Copy every line that holds the string "whole" from the data below.

● LISTED ENTRIES:

============================================================

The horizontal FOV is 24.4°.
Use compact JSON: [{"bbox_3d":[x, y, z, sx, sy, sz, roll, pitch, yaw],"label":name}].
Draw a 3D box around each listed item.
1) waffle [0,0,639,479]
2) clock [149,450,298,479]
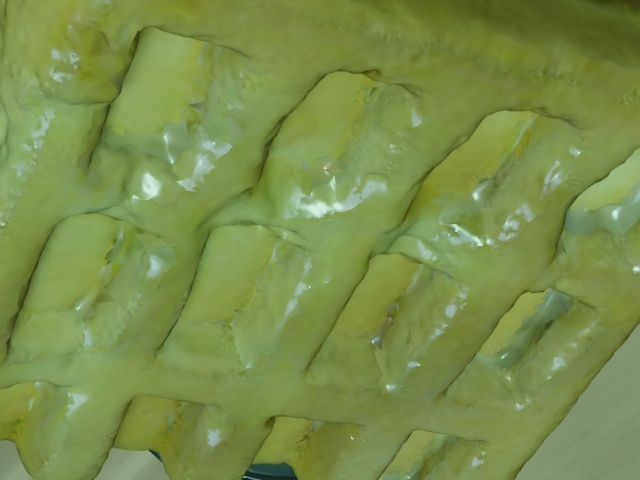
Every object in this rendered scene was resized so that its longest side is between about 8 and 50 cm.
[{"bbox_3d":[0.000,0.000,0.630,0.348,0.077,0.304,10,131,-29],"label":"waffle"},{"bbox_3d":[-0.031,0.078,0.840,0.185,0.040,0.184,9,131,10],"label":"clock"}]
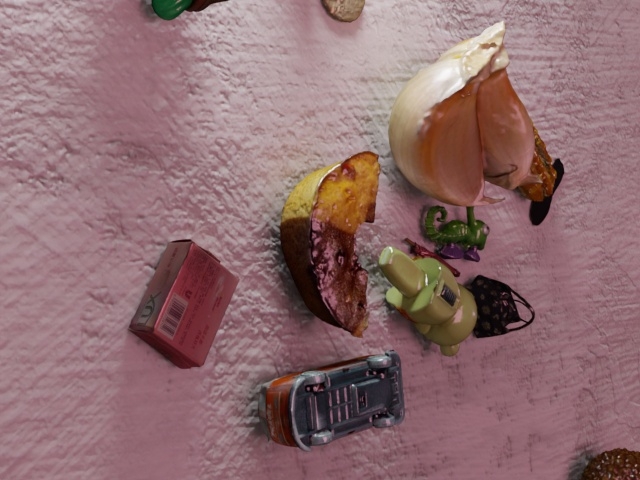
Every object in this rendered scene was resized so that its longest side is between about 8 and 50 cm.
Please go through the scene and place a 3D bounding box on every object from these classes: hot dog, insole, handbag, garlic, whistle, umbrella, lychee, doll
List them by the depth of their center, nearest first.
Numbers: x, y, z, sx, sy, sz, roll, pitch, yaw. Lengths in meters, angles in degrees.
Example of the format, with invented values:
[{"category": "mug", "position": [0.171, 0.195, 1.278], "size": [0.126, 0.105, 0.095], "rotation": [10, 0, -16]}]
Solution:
[{"category": "whistle", "position": [0.186, 0.098, 1.867], "size": [0.288, 0.106, 0.131], "rotation": [40, 62, -40]}, {"category": "garlic", "position": [0.259, -0.206, 1.895], "size": [0.313, 0.249, 0.286], "rotation": [73, 24, -43]}, {"category": "umbrella", "position": [0.204, 0.034, 1.949], "size": [0.165, 0.027, 0.025], "rotation": [31, 40, -39]}, {"category": "doll", "position": [0.258, -0.019, 1.996], "size": [0.190, 0.050, 0.115], "rotation": [3, 89, -45]}, {"category": "handbag", "position": [0.343, 0.129, 2.011], "size": [0.072, 0.139, 0.115], "rotation": [-35, 114, -34]}, {"category": "hot dog", "position": [0.399, -0.188, 2.146], "size": [0.115, 0.072, 0.269], "rotation": [-55, 126, -25]}, {"category": "insole", "position": [0.483, -0.105, 2.276], "size": [0.064, 0.004, 0.188], "rotation": [56, 51, -30]}, {"category": "lychee", "position": [0.661, 0.550, 2.296], "size": [0.238, 0.200, 0.200], "rotation": [40, 59, -24]}]

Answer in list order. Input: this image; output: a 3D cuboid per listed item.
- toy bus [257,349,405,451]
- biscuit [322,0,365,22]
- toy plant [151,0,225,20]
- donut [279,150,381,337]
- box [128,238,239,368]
[{"category": "toy bus", "position": [0.014, 0.248, 1.660], "size": [0.265, 0.120, 0.121], "rotation": [-8, 93, -48]}, {"category": "biscuit", "position": [0.037, -0.427, 1.805], "size": [0.120, 0.015, 0.120], "rotation": [3, 86, -48]}, {"category": "toy plant", "position": [-0.196, -0.379, 1.494], "size": [0.200, 0.105, 0.143], "rotation": [-3, 102, -30]}, {"category": "donut", "position": [0.000, 0.000, 1.671], "size": [0.151, 0.112, 0.295], "rotation": [12, 77, -44]}, {"category": "box", "position": [-0.188, 0.088, 1.496], "size": [0.111, 0.060, 0.156], "rotation": [42, 61, -37]}]
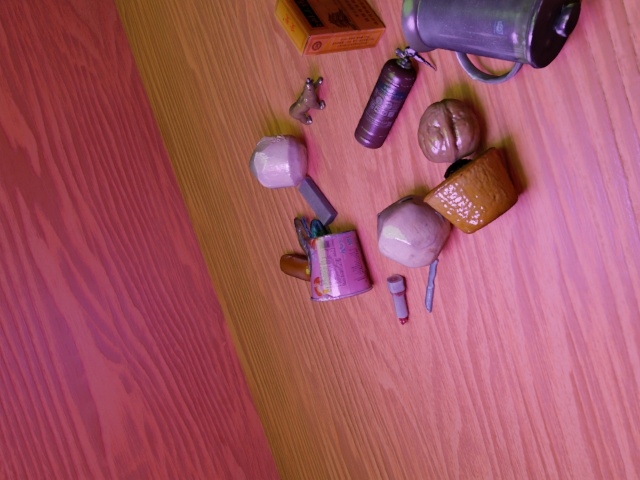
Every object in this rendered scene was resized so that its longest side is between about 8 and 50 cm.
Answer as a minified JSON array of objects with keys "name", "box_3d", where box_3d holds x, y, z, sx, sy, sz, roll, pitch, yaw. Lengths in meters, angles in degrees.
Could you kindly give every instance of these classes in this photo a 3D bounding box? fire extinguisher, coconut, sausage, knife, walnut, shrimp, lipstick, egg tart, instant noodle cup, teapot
[{"name":"fire extinguisher","box_3d":[0.218,-0.420,1.217,0.138,0.102,0.344,28,136,1]},{"name":"coconut","box_3d":[0.263,-0.031,1.256,0.224,0.224,0.224,30,130,44]},{"name":"coconut","box_3d":[-0.172,-0.308,1.673,0.233,0.224,0.224,3,118,6]},{"name":"sausage","box_3d":[-0.096,0.121,1.923,0.274,0.105,0.105,11,115,52]},{"name":"knife","box_3d":[0.359,0.146,1.373,0.028,0.015,0.210,25,127,39]},{"name":"walnut","box_3d":[0.329,-0.280,1.090,0.166,0.149,0.167,3,97,21]},{"name":"shrimp","box_3d":[-0.057,-0.005,1.805,0.253,0.058,0.173,55,163,44]},{"name":"lipstick","box_3d":[0.281,0.218,1.489,0.063,0.057,0.186,-123,17,-71]},{"name":"egg tart","box_3d":[0.375,-0.121,1.058,0.171,0.215,0.215,54,145,4]},{"name":"instant noodle cup","box_3d":[0.056,0.090,1.585,0.243,0.242,0.231,-11,92,56]},{"name":"teapot","box_3d":[0.369,-0.462,0.910,0.337,0.200,0.270,33,158,39]}]

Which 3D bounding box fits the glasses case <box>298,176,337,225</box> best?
[{"name":"glasses case","box_3d":[-0.012,-0.160,1.706,0.205,0.047,0.071,55,138,21]}]

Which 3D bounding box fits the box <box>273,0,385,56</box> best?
[{"name":"box","box_3d":[0.028,-0.625,1.204,0.174,0.274,0.076,59,149,16]}]

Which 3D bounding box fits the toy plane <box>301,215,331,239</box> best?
[{"name":"toy plane","box_3d":[0.000,0.000,1.727,0.060,0.096,0.235,-35,76,56]}]

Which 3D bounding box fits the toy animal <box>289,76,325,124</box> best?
[{"name":"toy animal","box_3d":[-0.051,-0.507,1.533,0.218,0.101,0.103,-29,81,56]}]
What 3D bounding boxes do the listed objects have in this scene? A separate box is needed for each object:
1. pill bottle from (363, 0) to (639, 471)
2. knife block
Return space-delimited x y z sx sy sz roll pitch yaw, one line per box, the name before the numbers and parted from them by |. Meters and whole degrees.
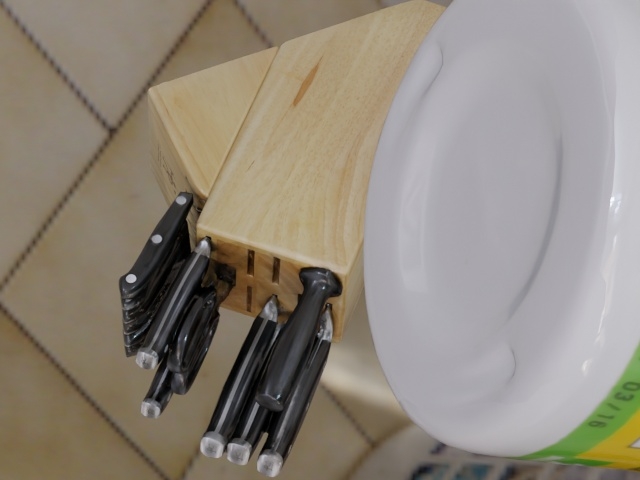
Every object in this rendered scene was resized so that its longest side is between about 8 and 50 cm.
pill bottle | 0.149 0.007 0.520 0.245 0.136 0.136 10 82 -25
knife block | 0.000 0.000 1.058 0.275 0.088 0.242 -20 62 -16
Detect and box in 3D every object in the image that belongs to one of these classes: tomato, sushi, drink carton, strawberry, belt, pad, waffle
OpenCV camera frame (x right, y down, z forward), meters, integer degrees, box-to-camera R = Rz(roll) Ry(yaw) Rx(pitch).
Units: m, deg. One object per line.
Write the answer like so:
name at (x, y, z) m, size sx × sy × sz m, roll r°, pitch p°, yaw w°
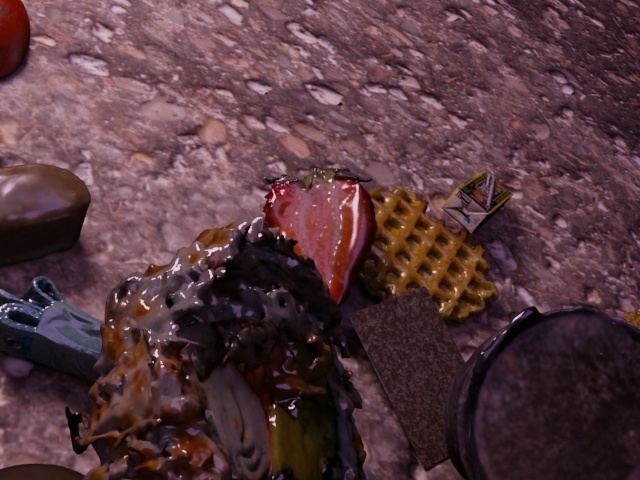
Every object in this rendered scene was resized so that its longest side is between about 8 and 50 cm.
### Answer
tomato at (-0.549, -0.339, 1.281) m, size 0.225 × 0.085 × 0.224 m, roll 12°, pitch 51°, yaw -16°
sushi at (-0.070, 0.189, 0.902) m, size 0.417 × 0.176 × 0.417 m, roll 47°, pitch 30°, yaw -39°
drink carton at (0.273, -0.070, 1.464) m, size 0.071 × 0.056 × 0.166 m, roll 44°, pitch 29°, yaw 8°
strawberry at (0.016, 0.001, 1.260) m, size 0.175 × 0.098 × 0.228 m, roll -18°, pitch 67°, yaw -9°
belt at (-0.255, 0.137, 1.039) m, size 0.302 × 0.072 × 0.087 m, roll 26°, pitch 50°, yaw -8°
pad at (0.149, 0.188, 1.217) m, size 0.158 × 0.003 × 0.234 m, roll -17°, pitch 74°, yaw -37°
waffle at (0.156, 0.018, 1.363) m, size 0.291 × 0.051 × 0.291 m, roll 14°, pitch 51°, yaw -18°

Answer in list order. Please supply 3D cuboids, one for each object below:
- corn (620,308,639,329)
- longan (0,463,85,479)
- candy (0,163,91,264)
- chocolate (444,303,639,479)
corn at (0.456, 0.225, 1.313) m, size 0.106 × 0.106 × 0.305 m, roll 37°, pitch 50°, yaw 6°
longan at (-0.283, 0.311, 0.796) m, size 0.220 × 0.196 × 0.196 m, roll -31°, pitch 71°, yaw -32°
candy at (-0.412, -0.029, 1.075) m, size 0.234 × 0.104 × 0.102 m, roll -18°, pitch 68°, yaw -36°
chocolate at (0.295, 0.235, 1.127) m, size 0.303 × 0.213 × 0.303 m, roll 1°, pitch 83°, yaw -11°
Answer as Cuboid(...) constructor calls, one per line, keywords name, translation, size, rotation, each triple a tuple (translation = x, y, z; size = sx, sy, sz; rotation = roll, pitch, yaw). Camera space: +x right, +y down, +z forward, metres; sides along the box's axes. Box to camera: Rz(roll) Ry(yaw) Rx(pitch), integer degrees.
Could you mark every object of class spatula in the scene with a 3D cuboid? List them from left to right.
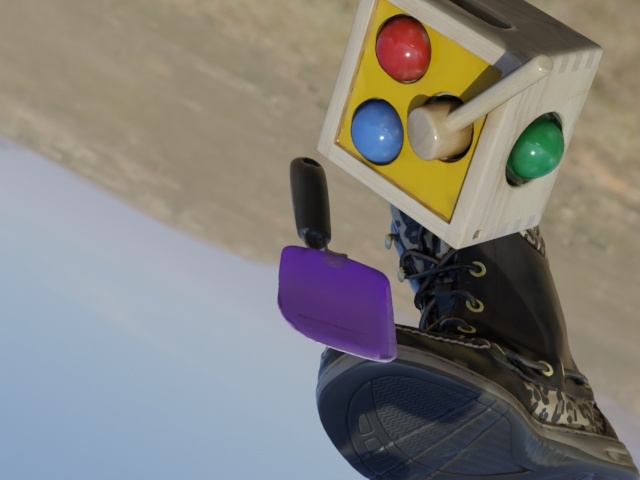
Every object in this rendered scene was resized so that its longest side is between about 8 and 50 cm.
Cuboid(name="spatula", translation=(0.000, 0.000, 1.233), size=(0.084, 0.030, 0.296), rotation=(17, -160, -13))

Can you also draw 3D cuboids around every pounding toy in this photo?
Cuboid(name="pounding toy", translation=(0.074, -0.072, 0.894), size=(0.100, 0.130, 0.141), rotation=(-15, -139, -44))

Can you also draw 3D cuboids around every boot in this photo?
Cuboid(name="boot", translation=(0.111, 0.070, 1.464), size=(0.377, 0.138, 0.284), rotation=(23, -138, -42))
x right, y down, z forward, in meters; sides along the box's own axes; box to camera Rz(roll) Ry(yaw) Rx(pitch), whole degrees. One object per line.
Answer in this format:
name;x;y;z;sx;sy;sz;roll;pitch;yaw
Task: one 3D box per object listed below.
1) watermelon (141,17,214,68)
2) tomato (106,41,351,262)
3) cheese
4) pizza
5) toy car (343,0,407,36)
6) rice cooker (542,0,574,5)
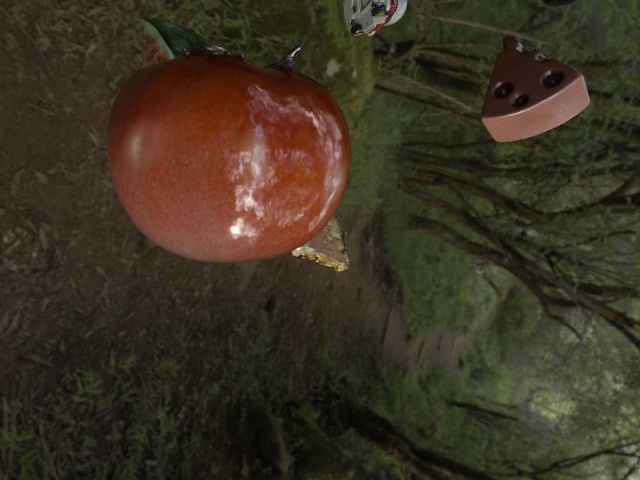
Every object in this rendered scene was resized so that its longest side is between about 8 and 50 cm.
watermelon;-0.284;-0.342;1.263;0.251;0.283;0.292;-5;136;-25
tomato;-0.095;-0.090;0.575;0.256;0.256;0.224;-13;106;-68
cheese;0.454;-0.308;1.093;0.128;0.177;0.202;32;74;-52
pizza;0.000;0.000;1.454;0.081;0.228;0.289;-29;-160;27
toy car;0.122;-0.476;1.063;0.112;0.139;0.112;-13;101;-29
rice cooker;0.514;-0.625;1.081;0.241;0.227;0.280;12;-103;63
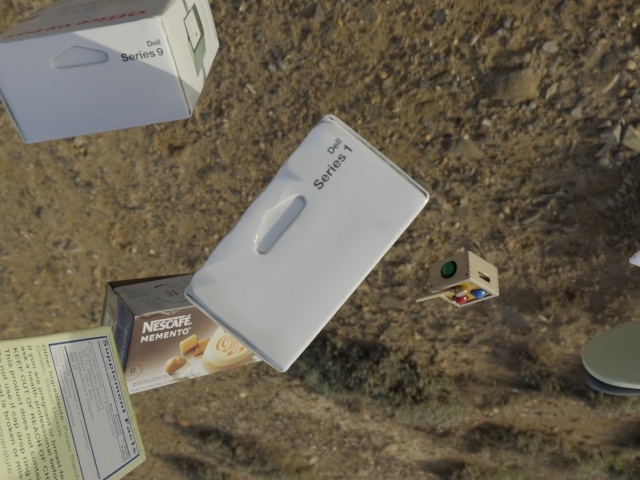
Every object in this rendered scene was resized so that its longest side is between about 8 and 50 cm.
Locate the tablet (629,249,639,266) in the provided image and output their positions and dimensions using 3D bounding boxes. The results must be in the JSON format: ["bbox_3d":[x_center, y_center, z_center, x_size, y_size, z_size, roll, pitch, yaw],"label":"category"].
[{"bbox_3d":[0.358,0.021,0.549,0.083,0.006,0.054,22,139,0],"label":"tablet"}]

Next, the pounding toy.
[{"bbox_3d":[0.306,0.099,1.262,0.141,0.100,0.130,27,143,-33],"label":"pounding toy"}]

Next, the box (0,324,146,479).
[{"bbox_3d":[-0.266,0.145,0.349,0.214,0.117,0.243,-18,173,2],"label":"box"}]

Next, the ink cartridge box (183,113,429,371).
[{"bbox_3d":[0.000,0.000,0.596,0.117,0.201,0.278,39,-175,3],"label":"ink cartridge box"}]

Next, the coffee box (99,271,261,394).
[{"bbox_3d":[-0.197,0.128,0.854,0.098,0.247,0.141,36,118,40],"label":"coffee box"}]

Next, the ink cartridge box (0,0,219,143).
[{"bbox_3d":[-0.263,-0.251,0.730,0.211,0.289,0.121,-9,125,4],"label":"ink cartridge box"}]

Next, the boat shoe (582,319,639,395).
[{"bbox_3d":[0.209,0.069,0.318,0.133,0.048,0.041,-8,128,-12],"label":"boat shoe"}]
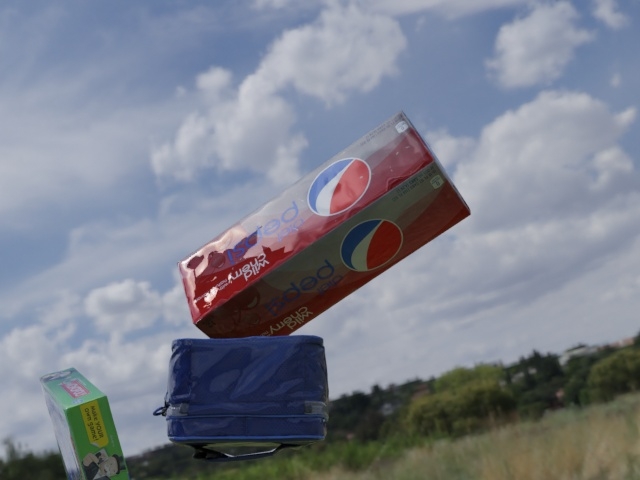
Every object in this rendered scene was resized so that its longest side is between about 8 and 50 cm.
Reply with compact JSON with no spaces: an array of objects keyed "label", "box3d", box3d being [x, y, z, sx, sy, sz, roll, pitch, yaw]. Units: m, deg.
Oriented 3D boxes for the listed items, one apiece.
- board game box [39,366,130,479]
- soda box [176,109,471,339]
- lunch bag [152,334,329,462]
[{"label":"board game box","box3d":[-0.233,0.309,1.107,0.046,0.317,0.213,-17,8,-22]},{"label":"soda box","box3d":[0.000,0.000,0.935,0.263,0.092,0.083,-34,-48,9]},{"label":"lunch bag","box3d":[-0.044,0.090,0.564,0.098,0.065,0.067,-2,-15,-1]}]
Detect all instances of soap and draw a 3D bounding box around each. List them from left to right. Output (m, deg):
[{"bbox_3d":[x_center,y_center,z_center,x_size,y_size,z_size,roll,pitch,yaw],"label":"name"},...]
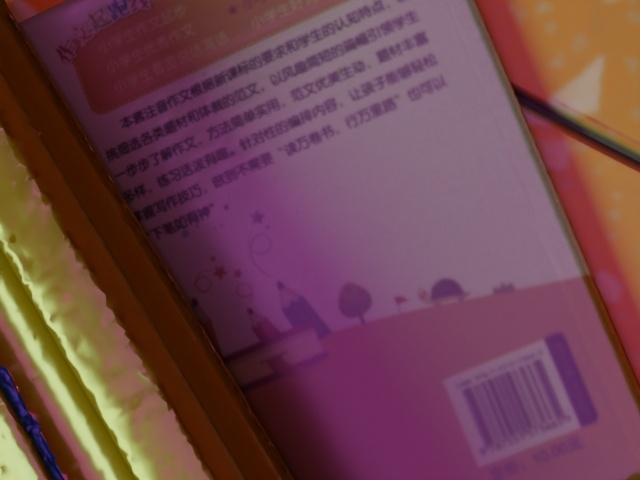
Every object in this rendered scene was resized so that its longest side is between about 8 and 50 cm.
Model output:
[{"bbox_3d":[-0.157,0.058,0.718,0.204,0.096,0.324,-33,81,12],"label":"soap"}]

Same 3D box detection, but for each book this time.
[{"bbox_3d":[0.000,0.000,0.739,0.208,0.020,0.295,-23,84,12],"label":"book"}]
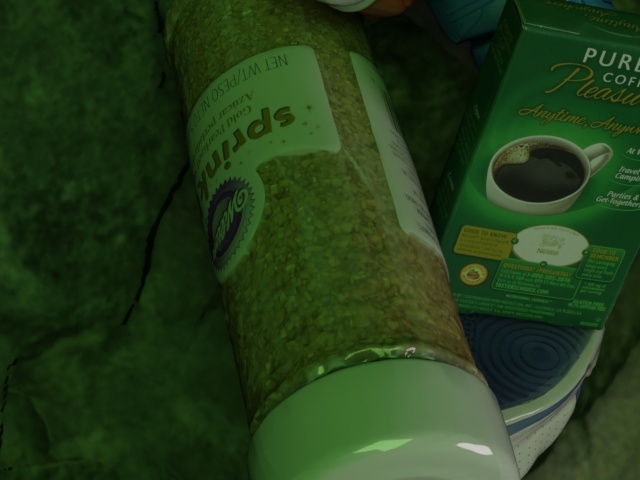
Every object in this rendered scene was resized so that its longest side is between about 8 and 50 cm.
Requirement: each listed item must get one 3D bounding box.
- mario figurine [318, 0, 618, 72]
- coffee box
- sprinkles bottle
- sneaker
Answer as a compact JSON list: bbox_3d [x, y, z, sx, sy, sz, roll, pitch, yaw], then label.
[{"bbox_3d":[0.093,-0.170,0.925,0.170,0.198,0.320,-35,110,27],"label":"mario figurine"},{"bbox_3d":[0.126,-0.038,0.903,0.113,0.184,0.040,8,37,-12],"label":"coffee box"},{"bbox_3d":[0.000,0.000,0.879,0.121,0.121,0.355,-11,48,-5],"label":"sprinkles bottle"},{"bbox_3d":[0.028,0.161,0.939,0.127,0.182,0.315,28,49,15],"label":"sneaker"}]
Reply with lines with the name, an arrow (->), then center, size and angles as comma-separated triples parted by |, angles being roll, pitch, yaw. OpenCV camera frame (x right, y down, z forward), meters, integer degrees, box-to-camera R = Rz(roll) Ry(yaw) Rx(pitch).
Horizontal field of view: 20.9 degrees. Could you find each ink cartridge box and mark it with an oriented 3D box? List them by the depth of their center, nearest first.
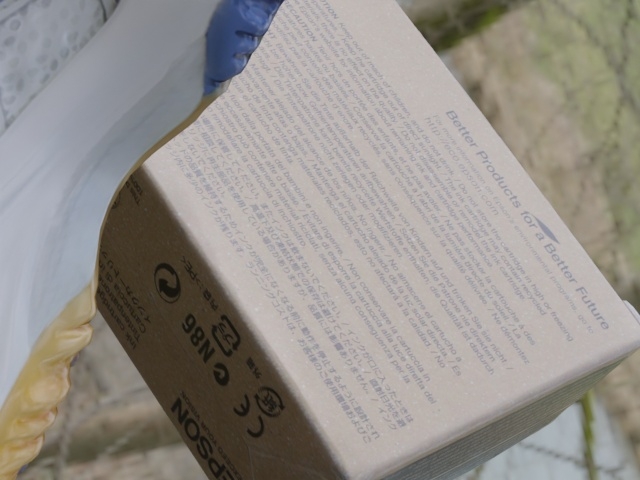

============================================================

● TASK RESPONSE:
Return space-delimited x y z sx sy sz roll pitch yaw, one line per box, the name before the numbers and parted from them by |. Meters and whole degrees.
x right, y down, z forward, in meters; sides along the box's own axes; box to camera Rz(roll) Ry(yaw) Rx(pitch), whole degrees. One object per line.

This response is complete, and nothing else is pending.